## EXERCISE INSTRUCTIONS
State the number of lines in the material below that have "angles" in them, without any other text.

## PROVIDED ENTRIES
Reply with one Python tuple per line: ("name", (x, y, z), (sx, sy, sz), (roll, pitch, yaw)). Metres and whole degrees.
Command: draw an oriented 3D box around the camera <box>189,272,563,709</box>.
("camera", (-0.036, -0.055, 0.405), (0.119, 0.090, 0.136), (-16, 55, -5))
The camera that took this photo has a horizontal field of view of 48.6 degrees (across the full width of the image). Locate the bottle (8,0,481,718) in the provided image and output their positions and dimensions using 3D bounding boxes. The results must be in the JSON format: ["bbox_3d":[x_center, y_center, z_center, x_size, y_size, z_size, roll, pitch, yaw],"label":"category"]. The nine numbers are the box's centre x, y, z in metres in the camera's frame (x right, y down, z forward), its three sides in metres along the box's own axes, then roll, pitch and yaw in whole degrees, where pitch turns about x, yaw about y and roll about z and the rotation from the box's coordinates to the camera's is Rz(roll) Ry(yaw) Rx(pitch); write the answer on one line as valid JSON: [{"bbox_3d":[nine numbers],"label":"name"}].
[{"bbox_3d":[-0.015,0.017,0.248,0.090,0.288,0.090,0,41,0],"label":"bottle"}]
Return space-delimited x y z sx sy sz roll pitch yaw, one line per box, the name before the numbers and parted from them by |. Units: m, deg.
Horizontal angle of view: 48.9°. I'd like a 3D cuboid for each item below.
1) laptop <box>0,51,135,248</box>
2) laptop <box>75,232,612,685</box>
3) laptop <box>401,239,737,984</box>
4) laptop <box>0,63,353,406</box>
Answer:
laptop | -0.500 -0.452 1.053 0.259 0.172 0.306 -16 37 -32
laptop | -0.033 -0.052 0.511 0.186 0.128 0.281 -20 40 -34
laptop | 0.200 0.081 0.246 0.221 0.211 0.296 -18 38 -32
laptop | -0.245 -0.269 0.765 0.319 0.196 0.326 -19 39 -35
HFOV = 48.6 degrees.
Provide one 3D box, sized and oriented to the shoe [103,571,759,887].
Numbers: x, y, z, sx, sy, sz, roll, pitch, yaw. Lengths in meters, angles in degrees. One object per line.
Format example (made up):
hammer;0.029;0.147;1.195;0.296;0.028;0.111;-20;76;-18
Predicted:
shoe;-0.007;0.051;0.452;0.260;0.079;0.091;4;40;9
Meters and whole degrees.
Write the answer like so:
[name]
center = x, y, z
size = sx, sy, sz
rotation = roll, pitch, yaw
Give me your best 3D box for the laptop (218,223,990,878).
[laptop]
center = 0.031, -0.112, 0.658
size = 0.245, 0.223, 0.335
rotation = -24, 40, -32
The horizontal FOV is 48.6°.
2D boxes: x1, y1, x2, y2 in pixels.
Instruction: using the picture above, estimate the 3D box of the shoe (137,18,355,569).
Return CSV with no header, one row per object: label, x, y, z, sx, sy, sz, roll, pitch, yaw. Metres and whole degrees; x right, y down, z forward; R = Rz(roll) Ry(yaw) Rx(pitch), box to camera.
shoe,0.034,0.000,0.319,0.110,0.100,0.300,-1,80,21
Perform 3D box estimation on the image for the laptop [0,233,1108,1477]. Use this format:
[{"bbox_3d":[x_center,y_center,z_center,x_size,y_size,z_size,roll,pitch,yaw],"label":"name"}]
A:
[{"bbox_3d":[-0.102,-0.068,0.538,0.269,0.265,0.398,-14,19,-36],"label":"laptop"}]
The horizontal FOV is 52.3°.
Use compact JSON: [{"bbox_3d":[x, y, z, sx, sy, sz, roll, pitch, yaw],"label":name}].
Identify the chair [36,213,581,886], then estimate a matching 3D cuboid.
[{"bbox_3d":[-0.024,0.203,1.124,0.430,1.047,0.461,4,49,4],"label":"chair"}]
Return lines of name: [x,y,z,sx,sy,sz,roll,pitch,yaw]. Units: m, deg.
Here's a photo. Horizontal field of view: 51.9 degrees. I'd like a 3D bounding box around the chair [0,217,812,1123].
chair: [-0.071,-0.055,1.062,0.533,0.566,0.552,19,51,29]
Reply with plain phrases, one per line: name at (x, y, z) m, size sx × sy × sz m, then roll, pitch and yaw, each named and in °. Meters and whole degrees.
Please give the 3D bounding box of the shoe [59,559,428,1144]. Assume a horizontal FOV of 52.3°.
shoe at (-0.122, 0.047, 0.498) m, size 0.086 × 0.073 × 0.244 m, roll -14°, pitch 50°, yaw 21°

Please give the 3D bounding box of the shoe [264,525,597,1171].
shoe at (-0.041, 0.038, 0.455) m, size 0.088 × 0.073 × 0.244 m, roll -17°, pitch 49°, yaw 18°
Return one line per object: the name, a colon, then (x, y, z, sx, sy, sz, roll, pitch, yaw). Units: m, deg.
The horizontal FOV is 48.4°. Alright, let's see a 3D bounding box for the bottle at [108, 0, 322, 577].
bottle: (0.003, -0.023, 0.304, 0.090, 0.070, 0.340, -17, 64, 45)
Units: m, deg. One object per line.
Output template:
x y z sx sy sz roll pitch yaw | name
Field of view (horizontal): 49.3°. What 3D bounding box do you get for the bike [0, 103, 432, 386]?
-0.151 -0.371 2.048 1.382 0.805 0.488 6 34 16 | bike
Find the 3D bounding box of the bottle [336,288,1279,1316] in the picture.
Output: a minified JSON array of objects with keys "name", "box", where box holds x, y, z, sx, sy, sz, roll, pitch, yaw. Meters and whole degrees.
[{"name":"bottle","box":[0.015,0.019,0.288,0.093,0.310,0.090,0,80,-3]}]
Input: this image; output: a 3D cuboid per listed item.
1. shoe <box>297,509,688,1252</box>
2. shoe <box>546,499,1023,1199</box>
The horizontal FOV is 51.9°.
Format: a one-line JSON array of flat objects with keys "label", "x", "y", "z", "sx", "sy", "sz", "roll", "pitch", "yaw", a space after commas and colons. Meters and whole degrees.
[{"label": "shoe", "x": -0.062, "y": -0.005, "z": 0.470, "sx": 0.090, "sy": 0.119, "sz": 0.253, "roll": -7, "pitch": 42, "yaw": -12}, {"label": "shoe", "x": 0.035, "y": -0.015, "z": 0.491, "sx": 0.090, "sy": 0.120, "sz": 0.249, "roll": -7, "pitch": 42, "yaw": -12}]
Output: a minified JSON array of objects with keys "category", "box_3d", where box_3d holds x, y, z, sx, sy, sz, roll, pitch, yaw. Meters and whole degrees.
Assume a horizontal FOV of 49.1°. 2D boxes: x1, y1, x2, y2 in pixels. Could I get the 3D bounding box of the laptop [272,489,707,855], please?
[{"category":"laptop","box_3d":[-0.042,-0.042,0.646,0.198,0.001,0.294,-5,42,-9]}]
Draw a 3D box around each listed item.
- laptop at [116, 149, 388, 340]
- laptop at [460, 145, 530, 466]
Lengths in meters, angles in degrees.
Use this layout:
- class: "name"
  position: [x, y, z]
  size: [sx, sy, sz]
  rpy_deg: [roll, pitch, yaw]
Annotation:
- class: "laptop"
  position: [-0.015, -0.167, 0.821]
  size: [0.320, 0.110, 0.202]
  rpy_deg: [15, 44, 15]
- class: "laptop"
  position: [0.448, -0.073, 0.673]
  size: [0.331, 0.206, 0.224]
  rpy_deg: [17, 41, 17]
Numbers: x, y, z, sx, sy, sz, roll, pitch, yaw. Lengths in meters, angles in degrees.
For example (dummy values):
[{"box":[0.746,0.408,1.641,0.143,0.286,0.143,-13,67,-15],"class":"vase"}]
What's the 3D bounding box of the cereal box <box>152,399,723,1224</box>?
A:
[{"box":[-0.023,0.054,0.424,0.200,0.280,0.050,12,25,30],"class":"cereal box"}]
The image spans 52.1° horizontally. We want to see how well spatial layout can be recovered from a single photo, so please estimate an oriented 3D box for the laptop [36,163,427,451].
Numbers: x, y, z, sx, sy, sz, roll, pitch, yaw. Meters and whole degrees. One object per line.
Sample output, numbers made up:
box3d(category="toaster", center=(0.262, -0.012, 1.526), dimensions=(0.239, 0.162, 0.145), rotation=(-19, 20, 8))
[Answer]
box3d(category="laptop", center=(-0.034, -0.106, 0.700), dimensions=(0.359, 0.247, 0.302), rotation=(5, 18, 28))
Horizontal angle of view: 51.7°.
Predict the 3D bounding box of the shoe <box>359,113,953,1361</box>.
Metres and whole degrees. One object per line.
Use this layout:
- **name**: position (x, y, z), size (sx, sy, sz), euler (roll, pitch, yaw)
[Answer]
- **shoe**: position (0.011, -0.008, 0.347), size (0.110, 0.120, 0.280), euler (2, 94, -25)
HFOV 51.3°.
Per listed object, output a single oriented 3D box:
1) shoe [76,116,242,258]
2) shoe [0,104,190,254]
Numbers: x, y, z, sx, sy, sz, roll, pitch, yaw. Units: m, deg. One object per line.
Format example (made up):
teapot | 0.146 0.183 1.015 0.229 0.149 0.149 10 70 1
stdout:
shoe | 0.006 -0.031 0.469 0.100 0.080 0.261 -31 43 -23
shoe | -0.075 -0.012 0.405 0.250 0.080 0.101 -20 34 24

## ANSWER BOX
3